W wydzierganych dzianinach z włóczki Opium chodzę od miesiąca i mniej więcej od miesiąca prawie nic nie dziergam. Przyczyn tego stanu rzeczy jest wiele, ale nie o tym będzie ten wpis.
Na początku wakacji popełniłam taki oto komplecik (bliźniak) składający się ze: sweterka z długim rękawem, (tył i rękawy poszerzone i mocno wydłużone), oraz ogoniastej bluzki ze swobodnie opadającymi rękawkami a to dzięki otworom na ramiona. Można nosić razem lub osobno. Poza tym stanowią świetne uzupełnienie dzianin wykonanych w poprzednich latach, tudzież innej garderoby z mojej szafy.

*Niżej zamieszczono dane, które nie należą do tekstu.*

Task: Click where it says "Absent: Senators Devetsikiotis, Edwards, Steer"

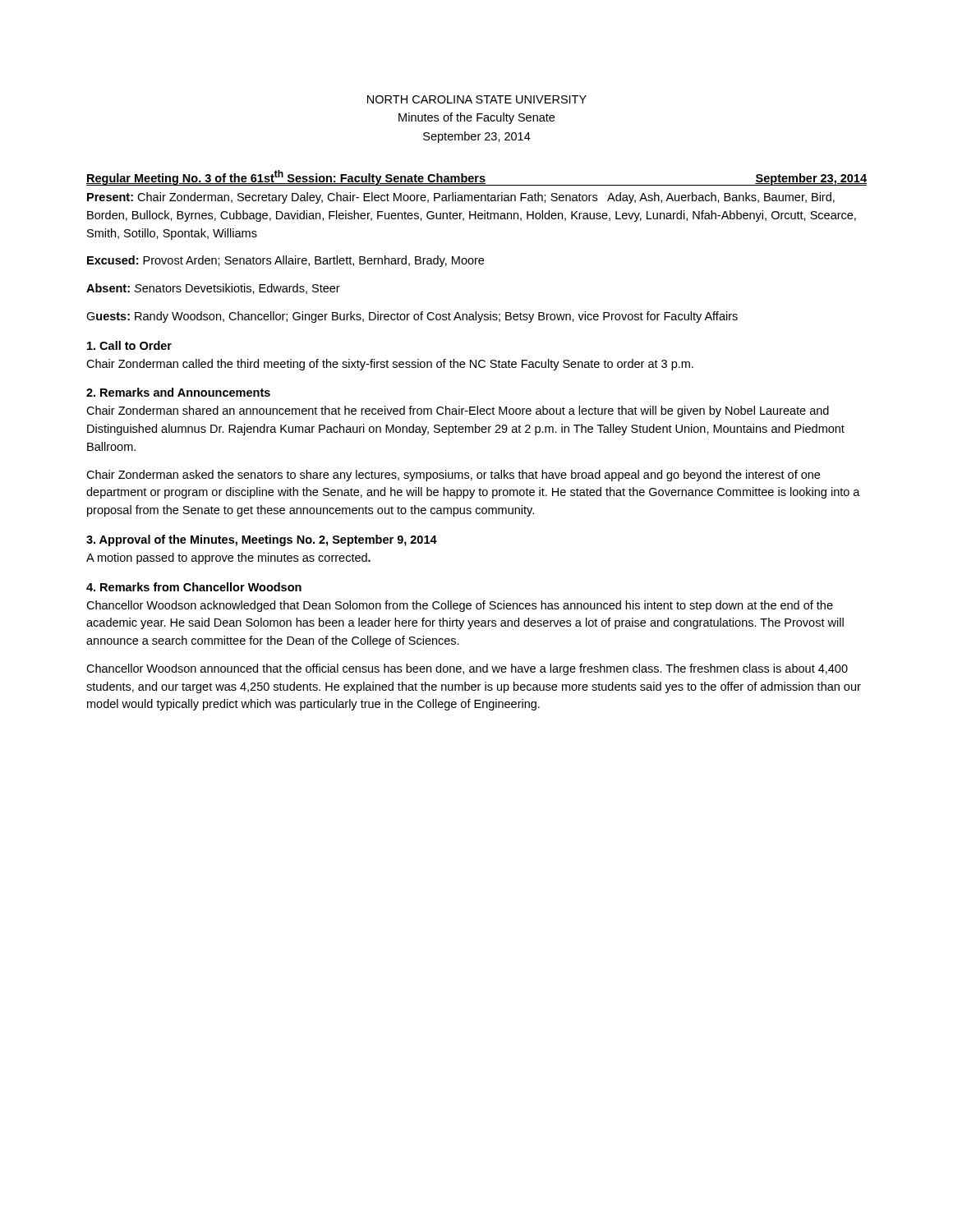Action: pyautogui.click(x=213, y=288)

Trochę o włóczce z której powstał komplet. "Opium" zakupiłam w zeszłym roku w INTER-FOXsie celem jej wypróbowania . Skład włóczki: 54%bawełna, 42%akryl, 4%poliamid. Dziergałam na drutach nr.6 toteż robótki szybko przybywało. I muszę przyznać, że z efektu jestem bardzo zadowolona; dzianina jest miękka, świetnie się układa i jest bardzo miła dla ciała.
Uwaga!
Wszelkie nadpruwanie i ponowne łapanie oczek jest koszmarne, bez szydełka ani rusz, chyba, że się pruje delikatnie po 1 oczku.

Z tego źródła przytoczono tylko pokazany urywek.